_Activity_: The pictures stay out. Please retype every line below exactly.

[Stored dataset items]
......

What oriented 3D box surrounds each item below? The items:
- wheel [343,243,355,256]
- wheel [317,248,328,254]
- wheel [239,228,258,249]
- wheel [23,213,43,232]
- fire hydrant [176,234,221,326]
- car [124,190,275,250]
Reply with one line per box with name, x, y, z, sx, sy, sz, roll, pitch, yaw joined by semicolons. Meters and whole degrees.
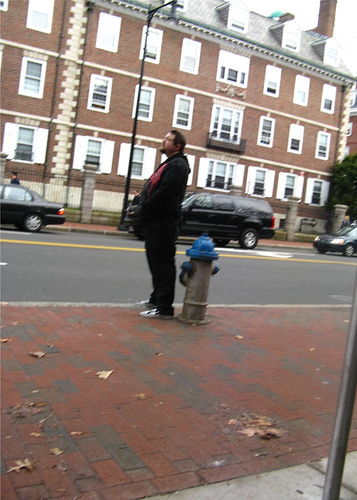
wheel;8.623;-0.062;21.343;0.656;0.604;0.227;-7;9;-34
wheel;7.458;0.069;21.805;0.356;0.245;1.416;7;2;19
wheel;3.082;-0.540;18.593;0.980;0.899;0.335;-3;6;-35
wheel;-5.299;-1.026;15.273;0.721;0.662;0.248;-2;8;-34
fire hydrant;0.239;0.335;4.998;0.443;0.921;0.462;7;2;9
car;1.315;-1.421;18.779;5.989;2.096;2.805;6;1;-23
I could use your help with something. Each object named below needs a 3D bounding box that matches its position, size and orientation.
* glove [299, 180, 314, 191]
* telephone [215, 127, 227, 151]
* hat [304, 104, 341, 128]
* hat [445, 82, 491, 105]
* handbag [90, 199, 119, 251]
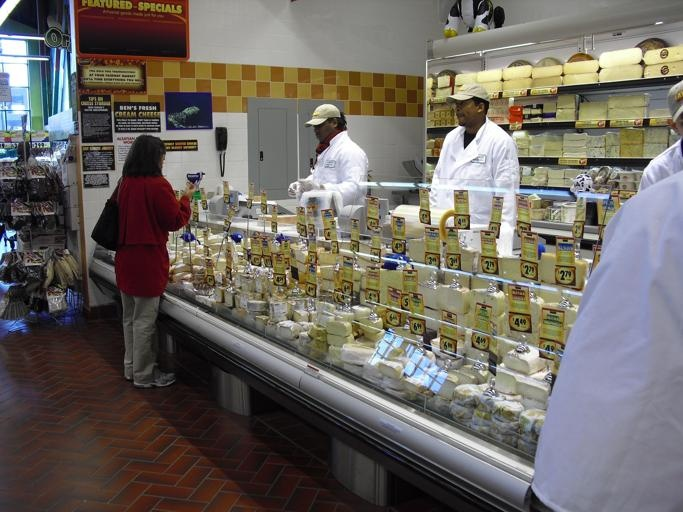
[{"bbox_3d":[-0.276,-0.558,3.615,0.098,0.099,0.075,5,56,-17],"label":"glove"},{"bbox_3d":[-1.594,-1.536,6.010,0.150,0.310,0.065,-7,12,-32],"label":"telephone"},{"bbox_3d":[-0.177,-1.348,4.417,0.339,0.193,0.224,-7,16,-24],"label":"hat"},{"bbox_3d":[1.061,-1.334,3.752,0.274,0.138,0.191,0,12,-11],"label":"hat"},{"bbox_3d":[-1.897,-0.246,3.640,0.253,0.422,0.156,9,14,43],"label":"handbag"}]
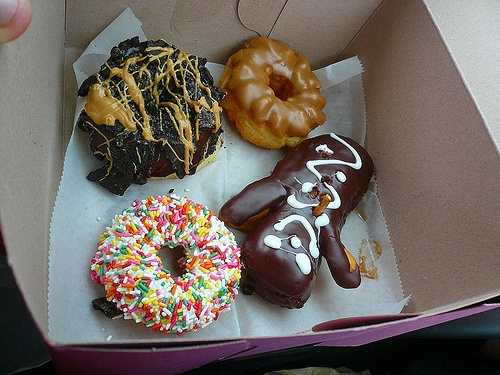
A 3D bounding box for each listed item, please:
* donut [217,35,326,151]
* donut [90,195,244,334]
[{"bbox_3d":[0.076,-0.386,2.064,0.440,0.196,0.494,0,67,-30],"label":"donut"},{"bbox_3d":[-0.281,0.255,1.670,0.516,0.139,0.462,20,73,-2],"label":"donut"}]
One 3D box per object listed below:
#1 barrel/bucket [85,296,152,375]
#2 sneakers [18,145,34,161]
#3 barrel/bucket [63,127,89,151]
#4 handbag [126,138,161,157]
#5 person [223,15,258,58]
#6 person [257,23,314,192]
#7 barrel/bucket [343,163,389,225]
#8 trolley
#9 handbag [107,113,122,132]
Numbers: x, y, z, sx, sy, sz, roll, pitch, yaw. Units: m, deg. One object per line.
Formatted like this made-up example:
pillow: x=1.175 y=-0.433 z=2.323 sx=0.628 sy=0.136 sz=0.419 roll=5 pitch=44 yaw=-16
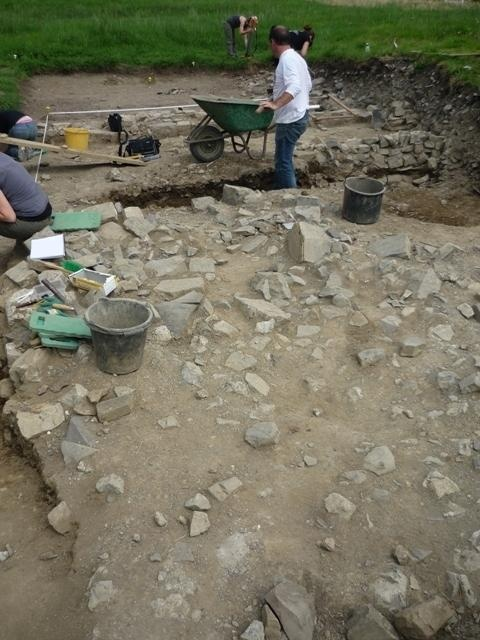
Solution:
barrel/bucket: x=-0.732 y=0.120 z=3.058 sx=0.386 sy=0.390 sz=0.452 roll=-5 pitch=28 yaw=-11
sneakers: x=-2.837 y=-2.198 z=6.544 sx=0.121 sy=0.195 sz=0.076 roll=-17 pitch=73 yaw=-13
barrel/bucket: x=-2.206 y=-2.426 z=6.651 sx=0.327 sy=0.267 sz=0.357 roll=4 pitch=50 yaw=-5
handbag: x=-1.356 y=-2.410 z=6.947 sx=0.504 sy=0.252 sz=0.344 roll=-10 pitch=29 yaw=-20
person: x=-0.032 y=-7.736 z=13.591 sx=0.810 sy=0.974 sz=2.264 roll=0 pitch=27 yaw=-2
person: x=0.481 y=-2.199 z=5.395 sx=0.470 sy=1.699 sz=0.713 roll=7 pitch=28 yaw=11
barrel/bucket: x=1.294 y=-1.343 z=5.272 sx=0.497 sy=0.445 sz=0.520 roll=2 pitch=35 yaw=-1
trolley: x=0.176 y=-2.558 z=6.674 sx=1.827 sy=0.846 sz=0.686 roll=-9 pitch=33 yaw=-20
handbag: x=-1.810 y=-2.831 z=7.184 sx=0.175 sy=0.252 sz=0.242 roll=-3 pitch=28 yaw=-8
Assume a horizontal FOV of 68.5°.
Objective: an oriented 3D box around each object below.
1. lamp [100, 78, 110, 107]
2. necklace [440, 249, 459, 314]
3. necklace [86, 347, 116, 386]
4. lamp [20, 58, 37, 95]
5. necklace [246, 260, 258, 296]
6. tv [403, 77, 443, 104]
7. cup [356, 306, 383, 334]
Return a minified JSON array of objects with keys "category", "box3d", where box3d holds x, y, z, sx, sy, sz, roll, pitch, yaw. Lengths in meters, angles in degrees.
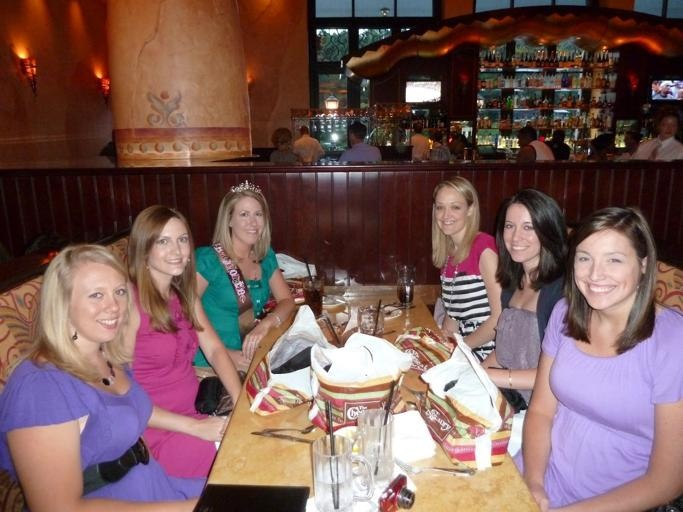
[{"category":"lamp","box3d":[-4.372,-3.069,9.270,0.158,0.462,0.436,-9,13,-21]},{"category":"necklace","box3d":[0.646,0.192,3.020,0.062,0.298,0.164,3,-8,-5]},{"category":"necklace","box3d":[-0.938,0.430,1.976,0.103,0.139,0.047,-42,-24,32]},{"category":"lamp","box3d":[-4.301,-2.520,6.910,0.105,0.479,0.321,-7,12,-12]},{"category":"necklace","box3d":[-0.529,0.121,3.004,0.099,0.153,0.035,5,-12,-20]},{"category":"tv","box3d":[1.638,-3.316,10.054,0.716,0.471,0.136,-3,12,5]},{"category":"cup","box3d":[0.133,0.301,2.357,0.111,0.137,0.121,1,-1,0]}]

......

_Task output_:
What oriented 3D box surrounds each item below? The items:
- wheel [343,243,355,256]
- wheel [317,248,328,254]
- wheel [239,228,258,249]
- wheel [23,213,43,232]
- fire hydrant [176,234,221,326]
- car [124,190,275,250]
Reply with one line per box with name, x, y, z, sx, sy, sz, roll, pitch, yaw joined by semicolons. Meters and whole degrees.
wheel;8.623;-0.062;21.343;0.656;0.604;0.227;-7;9;-34
wheel;7.458;0.069;21.805;0.356;0.245;1.416;7;2;19
wheel;3.082;-0.540;18.593;0.980;0.899;0.335;-3;6;-35
wheel;-5.299;-1.026;15.273;0.721;0.662;0.248;-2;8;-34
fire hydrant;0.239;0.335;4.998;0.443;0.921;0.462;7;2;9
car;1.315;-1.421;18.779;5.989;2.096;2.805;6;1;-23
I could use your help with something. Each object named below needs a 3D bounding box that matches its position, size and orientation.
* glove [299, 180, 314, 191]
* telephone [215, 127, 227, 151]
* hat [304, 104, 341, 128]
* hat [445, 82, 491, 105]
* handbag [90, 199, 119, 251]
[{"bbox_3d":[-0.276,-0.558,3.615,0.098,0.099,0.075,5,56,-17],"label":"glove"},{"bbox_3d":[-1.594,-1.536,6.010,0.150,0.310,0.065,-7,12,-32],"label":"telephone"},{"bbox_3d":[-0.177,-1.348,4.417,0.339,0.193,0.224,-7,16,-24],"label":"hat"},{"bbox_3d":[1.061,-1.334,3.752,0.274,0.138,0.191,0,12,-11],"label":"hat"},{"bbox_3d":[-1.897,-0.246,3.640,0.253,0.422,0.156,9,14,43],"label":"handbag"}]
A 3D bounding box for each listed item, please:
* donut [217,35,326,151]
* donut [90,195,244,334]
[{"bbox_3d":[0.076,-0.386,2.064,0.440,0.196,0.494,0,67,-30],"label":"donut"},{"bbox_3d":[-0.281,0.255,1.670,0.516,0.139,0.462,20,73,-2],"label":"donut"}]
One 3D box per object listed below:
#1 barrel/bucket [85,296,152,375]
#2 sneakers [18,145,34,161]
#3 barrel/bucket [63,127,89,151]
#4 handbag [126,138,161,157]
#5 person [223,15,258,58]
#6 person [257,23,314,192]
#7 barrel/bucket [343,163,389,225]
#8 trolley
#9 handbag [107,113,122,132]
Numbers: x, y, z, sx, sy, sz, roll, pitch, yaw. Units: m, deg. One object per line.
Formatted like this made-up example:
pillow: x=1.175 y=-0.433 z=2.323 sx=0.628 sy=0.136 sz=0.419 roll=5 pitch=44 yaw=-16
Solution:
barrel/bucket: x=-0.732 y=0.120 z=3.058 sx=0.386 sy=0.390 sz=0.452 roll=-5 pitch=28 yaw=-11
sneakers: x=-2.837 y=-2.198 z=6.544 sx=0.121 sy=0.195 sz=0.076 roll=-17 pitch=73 yaw=-13
barrel/bucket: x=-2.206 y=-2.426 z=6.651 sx=0.327 sy=0.267 sz=0.357 roll=4 pitch=50 yaw=-5
handbag: x=-1.356 y=-2.410 z=6.947 sx=0.504 sy=0.252 sz=0.344 roll=-10 pitch=29 yaw=-20
person: x=-0.032 y=-7.736 z=13.591 sx=0.810 sy=0.974 sz=2.264 roll=0 pitch=27 yaw=-2
person: x=0.481 y=-2.199 z=5.395 sx=0.470 sy=1.699 sz=0.713 roll=7 pitch=28 yaw=11
barrel/bucket: x=1.294 y=-1.343 z=5.272 sx=0.497 sy=0.445 sz=0.520 roll=2 pitch=35 yaw=-1
trolley: x=0.176 y=-2.558 z=6.674 sx=1.827 sy=0.846 sz=0.686 roll=-9 pitch=33 yaw=-20
handbag: x=-1.810 y=-2.831 z=7.184 sx=0.175 sy=0.252 sz=0.242 roll=-3 pitch=28 yaw=-8
Assume a horizontal FOV of 68.5°.
Objective: an oriented 3D box around each object below.
1. lamp [100, 78, 110, 107]
2. necklace [440, 249, 459, 314]
3. necklace [86, 347, 116, 386]
4. lamp [20, 58, 37, 95]
5. necklace [246, 260, 258, 296]
6. tv [403, 77, 443, 104]
7. cup [356, 306, 383, 334]
Return a minified JSON array of objects with keys "category", "box3d", where box3d holds x, y, z, sx, sy, sz, roll, pitch, yaw. Lengths in meters, angles in degrees.
[{"category":"lamp","box3d":[-4.372,-3.069,9.270,0.158,0.462,0.436,-9,13,-21]},{"category":"necklace","box3d":[0.646,0.192,3.020,0.062,0.298,0.164,3,-8,-5]},{"category":"necklace","box3d":[-0.938,0.430,1.976,0.103,0.139,0.047,-42,-24,32]},{"category":"lamp","box3d":[-4.301,-2.520,6.910,0.105,0.479,0.321,-7,12,-12]},{"category":"necklace","box3d":[-0.529,0.121,3.004,0.099,0.153,0.035,5,-12,-20]},{"category":"tv","box3d":[1.638,-3.316,10.054,0.716,0.471,0.136,-3,12,5]},{"category":"cup","box3d":[0.133,0.301,2.357,0.111,0.137,0.121,1,-1,0]}]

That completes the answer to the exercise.